=== Section Start ===

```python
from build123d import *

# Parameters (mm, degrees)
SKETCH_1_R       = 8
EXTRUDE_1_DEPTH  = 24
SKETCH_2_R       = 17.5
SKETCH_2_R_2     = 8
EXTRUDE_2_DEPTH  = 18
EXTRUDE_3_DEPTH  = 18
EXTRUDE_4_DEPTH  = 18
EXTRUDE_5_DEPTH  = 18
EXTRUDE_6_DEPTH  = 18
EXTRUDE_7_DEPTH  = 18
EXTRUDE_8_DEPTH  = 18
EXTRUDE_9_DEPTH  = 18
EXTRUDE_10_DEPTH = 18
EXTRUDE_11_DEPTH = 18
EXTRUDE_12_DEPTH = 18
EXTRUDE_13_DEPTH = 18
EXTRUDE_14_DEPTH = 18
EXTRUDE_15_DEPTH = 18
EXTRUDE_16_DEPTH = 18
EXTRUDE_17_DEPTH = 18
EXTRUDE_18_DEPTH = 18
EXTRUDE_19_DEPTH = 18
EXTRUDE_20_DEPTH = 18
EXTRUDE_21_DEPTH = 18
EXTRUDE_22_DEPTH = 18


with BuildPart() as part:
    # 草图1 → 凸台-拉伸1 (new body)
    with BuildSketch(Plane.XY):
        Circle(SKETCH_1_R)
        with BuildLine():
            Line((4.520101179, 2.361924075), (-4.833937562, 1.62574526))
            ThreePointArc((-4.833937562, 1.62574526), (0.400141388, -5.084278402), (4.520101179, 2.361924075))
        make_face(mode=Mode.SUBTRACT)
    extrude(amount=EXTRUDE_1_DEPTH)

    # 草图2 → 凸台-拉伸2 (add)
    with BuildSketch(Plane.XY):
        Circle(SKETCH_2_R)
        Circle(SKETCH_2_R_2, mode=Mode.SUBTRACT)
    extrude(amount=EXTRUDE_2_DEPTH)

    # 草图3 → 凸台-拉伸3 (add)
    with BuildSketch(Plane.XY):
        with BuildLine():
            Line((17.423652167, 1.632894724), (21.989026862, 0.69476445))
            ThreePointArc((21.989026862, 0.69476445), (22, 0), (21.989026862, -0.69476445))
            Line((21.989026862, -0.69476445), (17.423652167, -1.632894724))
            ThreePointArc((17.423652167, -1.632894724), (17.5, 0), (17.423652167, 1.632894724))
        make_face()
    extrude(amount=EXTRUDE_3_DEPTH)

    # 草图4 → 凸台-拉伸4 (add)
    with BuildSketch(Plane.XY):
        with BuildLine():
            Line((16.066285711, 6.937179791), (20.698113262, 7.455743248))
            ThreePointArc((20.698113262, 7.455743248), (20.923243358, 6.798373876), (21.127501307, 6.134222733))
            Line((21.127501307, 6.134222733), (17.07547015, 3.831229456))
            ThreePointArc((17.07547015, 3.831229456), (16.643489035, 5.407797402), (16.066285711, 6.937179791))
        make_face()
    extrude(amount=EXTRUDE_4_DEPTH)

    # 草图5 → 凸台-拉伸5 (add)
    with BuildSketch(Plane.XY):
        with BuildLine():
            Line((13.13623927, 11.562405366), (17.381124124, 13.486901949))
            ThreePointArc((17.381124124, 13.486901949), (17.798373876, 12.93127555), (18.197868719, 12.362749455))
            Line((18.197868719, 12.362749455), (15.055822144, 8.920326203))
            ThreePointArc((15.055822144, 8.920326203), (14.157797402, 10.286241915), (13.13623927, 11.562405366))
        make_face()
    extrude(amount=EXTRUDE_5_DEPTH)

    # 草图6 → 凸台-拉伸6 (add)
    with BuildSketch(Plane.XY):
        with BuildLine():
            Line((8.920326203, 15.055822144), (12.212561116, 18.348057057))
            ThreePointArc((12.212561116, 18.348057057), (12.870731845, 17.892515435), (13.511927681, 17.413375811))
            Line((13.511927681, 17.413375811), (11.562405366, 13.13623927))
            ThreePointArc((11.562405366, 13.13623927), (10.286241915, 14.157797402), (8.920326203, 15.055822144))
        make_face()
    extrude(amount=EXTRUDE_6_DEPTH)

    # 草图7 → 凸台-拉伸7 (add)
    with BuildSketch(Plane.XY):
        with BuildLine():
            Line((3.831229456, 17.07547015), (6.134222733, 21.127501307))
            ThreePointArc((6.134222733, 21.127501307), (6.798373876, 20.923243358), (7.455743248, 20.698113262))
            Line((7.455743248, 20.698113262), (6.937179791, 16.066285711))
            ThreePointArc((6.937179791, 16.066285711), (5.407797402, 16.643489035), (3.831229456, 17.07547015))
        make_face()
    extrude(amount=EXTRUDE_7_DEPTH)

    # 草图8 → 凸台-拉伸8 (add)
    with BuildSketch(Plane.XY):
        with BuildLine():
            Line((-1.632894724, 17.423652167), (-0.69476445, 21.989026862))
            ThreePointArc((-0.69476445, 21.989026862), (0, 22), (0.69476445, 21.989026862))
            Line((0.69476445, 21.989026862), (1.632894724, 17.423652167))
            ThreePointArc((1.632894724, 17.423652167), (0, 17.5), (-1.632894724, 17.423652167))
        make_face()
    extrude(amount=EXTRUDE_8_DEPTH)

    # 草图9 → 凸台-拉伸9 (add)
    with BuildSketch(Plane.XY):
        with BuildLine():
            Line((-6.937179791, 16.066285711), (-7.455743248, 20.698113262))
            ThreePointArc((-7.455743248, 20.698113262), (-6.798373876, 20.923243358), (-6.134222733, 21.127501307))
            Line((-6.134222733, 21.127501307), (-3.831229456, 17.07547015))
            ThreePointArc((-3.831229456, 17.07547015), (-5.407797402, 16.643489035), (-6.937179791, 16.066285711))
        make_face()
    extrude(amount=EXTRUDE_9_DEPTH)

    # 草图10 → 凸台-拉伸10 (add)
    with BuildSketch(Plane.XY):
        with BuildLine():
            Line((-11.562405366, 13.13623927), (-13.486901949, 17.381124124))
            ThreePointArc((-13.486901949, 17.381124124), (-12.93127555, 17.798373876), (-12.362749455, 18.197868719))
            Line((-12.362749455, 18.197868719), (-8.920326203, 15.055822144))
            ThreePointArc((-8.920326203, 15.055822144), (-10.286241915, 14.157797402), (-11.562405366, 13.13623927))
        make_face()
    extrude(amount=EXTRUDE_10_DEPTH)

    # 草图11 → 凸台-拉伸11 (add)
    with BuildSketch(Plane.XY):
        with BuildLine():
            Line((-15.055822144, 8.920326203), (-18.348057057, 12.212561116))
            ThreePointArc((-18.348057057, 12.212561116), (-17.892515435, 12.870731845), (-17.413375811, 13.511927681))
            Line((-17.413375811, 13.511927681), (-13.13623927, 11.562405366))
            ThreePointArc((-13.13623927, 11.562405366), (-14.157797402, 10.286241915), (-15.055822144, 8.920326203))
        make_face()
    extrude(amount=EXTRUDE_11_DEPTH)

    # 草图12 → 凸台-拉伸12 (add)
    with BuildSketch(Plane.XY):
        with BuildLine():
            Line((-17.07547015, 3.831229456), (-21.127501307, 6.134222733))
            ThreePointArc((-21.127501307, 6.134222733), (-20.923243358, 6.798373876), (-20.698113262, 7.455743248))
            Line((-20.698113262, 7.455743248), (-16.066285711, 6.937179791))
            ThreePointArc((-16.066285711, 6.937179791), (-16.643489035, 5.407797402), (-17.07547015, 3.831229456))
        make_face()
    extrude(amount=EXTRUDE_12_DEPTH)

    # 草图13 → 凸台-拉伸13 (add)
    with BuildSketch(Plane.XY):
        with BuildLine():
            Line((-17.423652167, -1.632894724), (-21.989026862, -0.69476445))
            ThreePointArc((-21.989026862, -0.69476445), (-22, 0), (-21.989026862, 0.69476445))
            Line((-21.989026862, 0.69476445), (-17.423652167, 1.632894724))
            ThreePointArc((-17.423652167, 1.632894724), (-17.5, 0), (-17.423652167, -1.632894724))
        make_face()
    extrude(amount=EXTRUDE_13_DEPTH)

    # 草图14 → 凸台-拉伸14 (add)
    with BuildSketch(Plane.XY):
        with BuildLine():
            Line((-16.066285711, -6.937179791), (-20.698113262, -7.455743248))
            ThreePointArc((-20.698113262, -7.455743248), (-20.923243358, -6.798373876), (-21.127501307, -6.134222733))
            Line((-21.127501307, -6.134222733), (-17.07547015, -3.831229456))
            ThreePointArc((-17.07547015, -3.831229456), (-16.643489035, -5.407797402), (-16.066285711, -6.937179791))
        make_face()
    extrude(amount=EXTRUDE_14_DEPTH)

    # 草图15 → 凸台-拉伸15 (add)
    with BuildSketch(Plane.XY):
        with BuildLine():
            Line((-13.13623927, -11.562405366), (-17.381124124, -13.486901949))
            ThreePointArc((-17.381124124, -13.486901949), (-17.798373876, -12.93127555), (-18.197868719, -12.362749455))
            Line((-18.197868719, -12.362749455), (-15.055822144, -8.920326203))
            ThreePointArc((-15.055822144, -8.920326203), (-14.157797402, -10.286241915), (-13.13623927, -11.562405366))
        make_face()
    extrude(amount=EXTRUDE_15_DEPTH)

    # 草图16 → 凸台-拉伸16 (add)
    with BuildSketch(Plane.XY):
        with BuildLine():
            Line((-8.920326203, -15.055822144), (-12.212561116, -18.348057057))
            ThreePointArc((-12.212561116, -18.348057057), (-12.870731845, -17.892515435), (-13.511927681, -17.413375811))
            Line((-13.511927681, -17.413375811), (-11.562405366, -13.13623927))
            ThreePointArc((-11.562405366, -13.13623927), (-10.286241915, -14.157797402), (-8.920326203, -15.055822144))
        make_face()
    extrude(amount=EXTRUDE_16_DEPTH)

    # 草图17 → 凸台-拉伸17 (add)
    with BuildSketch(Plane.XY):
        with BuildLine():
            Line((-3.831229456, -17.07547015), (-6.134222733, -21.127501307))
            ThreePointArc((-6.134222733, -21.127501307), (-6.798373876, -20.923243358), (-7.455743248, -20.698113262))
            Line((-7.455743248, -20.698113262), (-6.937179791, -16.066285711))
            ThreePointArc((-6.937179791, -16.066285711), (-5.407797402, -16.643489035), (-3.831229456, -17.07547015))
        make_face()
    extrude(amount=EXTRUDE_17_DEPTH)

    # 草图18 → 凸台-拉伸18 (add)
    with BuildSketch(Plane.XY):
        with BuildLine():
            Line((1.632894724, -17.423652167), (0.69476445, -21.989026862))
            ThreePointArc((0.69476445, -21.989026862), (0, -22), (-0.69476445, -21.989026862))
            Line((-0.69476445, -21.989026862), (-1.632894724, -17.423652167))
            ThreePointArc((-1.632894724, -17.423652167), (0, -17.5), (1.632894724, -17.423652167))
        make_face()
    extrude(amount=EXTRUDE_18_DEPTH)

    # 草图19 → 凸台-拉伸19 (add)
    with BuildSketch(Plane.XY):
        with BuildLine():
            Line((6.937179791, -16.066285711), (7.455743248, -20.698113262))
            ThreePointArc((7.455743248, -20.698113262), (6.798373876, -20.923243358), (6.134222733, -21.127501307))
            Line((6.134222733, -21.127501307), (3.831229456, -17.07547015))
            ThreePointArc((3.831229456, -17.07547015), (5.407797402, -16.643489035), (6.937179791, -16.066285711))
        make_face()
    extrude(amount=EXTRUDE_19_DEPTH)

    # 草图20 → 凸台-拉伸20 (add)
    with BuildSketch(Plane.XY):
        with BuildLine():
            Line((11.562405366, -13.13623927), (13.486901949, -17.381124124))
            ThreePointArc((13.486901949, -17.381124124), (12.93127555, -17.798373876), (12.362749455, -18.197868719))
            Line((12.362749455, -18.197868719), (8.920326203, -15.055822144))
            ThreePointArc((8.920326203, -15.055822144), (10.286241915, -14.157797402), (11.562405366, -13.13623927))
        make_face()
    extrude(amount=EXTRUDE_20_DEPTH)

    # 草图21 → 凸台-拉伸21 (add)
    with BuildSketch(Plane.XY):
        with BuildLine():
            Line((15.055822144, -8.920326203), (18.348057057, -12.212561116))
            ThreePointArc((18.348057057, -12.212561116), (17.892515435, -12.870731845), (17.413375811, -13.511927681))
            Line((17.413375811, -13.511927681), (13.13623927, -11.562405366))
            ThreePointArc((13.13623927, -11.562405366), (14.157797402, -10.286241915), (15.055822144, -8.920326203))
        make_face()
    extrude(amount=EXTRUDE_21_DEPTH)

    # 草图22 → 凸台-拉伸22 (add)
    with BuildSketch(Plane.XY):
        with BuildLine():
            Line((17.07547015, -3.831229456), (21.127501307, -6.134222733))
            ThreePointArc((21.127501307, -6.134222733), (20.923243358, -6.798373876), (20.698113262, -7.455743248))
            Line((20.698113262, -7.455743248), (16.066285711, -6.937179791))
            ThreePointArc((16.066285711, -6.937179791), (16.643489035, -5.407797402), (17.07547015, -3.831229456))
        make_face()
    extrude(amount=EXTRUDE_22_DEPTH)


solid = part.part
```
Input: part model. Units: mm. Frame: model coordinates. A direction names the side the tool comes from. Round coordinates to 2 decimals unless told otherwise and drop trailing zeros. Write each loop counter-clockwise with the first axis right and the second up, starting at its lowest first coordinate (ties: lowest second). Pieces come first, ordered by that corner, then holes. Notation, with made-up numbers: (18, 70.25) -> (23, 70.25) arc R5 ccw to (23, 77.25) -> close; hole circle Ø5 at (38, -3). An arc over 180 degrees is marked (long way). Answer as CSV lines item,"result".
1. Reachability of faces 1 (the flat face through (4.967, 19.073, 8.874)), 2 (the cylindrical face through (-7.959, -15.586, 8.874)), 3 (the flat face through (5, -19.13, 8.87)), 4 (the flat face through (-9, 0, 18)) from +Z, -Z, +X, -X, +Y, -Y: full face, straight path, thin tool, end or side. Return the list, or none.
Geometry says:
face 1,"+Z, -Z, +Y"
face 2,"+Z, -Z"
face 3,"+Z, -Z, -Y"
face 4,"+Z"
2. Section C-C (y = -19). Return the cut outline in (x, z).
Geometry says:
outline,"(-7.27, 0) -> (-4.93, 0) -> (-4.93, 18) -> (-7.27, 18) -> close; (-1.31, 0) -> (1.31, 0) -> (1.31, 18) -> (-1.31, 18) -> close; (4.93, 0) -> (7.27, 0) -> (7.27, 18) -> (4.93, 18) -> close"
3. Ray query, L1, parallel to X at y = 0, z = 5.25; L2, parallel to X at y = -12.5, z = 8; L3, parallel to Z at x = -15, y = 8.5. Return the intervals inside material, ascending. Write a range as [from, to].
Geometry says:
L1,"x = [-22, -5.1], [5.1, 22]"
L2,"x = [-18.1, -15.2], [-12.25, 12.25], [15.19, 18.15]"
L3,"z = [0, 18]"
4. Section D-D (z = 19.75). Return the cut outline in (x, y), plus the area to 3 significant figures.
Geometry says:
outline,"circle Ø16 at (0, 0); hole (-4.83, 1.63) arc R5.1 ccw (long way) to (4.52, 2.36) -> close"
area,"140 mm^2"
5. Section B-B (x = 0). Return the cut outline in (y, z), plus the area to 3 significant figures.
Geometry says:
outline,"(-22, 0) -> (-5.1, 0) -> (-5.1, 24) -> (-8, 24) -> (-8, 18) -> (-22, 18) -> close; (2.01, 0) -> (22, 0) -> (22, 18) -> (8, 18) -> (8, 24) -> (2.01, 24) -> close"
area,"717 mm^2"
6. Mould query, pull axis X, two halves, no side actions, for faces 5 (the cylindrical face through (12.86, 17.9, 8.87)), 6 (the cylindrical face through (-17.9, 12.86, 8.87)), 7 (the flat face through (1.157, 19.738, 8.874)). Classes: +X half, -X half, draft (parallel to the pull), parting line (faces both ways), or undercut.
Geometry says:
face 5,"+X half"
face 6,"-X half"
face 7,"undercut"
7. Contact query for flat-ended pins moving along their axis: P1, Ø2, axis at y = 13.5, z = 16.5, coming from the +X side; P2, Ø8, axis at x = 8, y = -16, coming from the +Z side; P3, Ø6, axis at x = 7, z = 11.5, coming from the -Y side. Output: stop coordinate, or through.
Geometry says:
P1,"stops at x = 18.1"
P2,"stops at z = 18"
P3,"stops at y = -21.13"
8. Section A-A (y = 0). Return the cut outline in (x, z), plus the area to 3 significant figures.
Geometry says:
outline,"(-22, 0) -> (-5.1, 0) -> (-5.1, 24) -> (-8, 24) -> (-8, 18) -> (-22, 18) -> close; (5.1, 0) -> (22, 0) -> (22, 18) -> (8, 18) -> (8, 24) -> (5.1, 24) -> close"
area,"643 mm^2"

=== Section End ===

• _WORK INSTRUCTION_: From the data, pick out every line that includes "figures".

• _RESPONSE AREA_:
4. Section D-D (z = 19.75). Return the cut outline in (x, y), plus the area to 3 significant figures.
5. Section B-B (x = 0). Return the cut outline in (y, z), plus the area to 3 significant figures.
8. Section A-A (y = 0). Return the cut outline in (x, z), plus the area to 3 significant figures.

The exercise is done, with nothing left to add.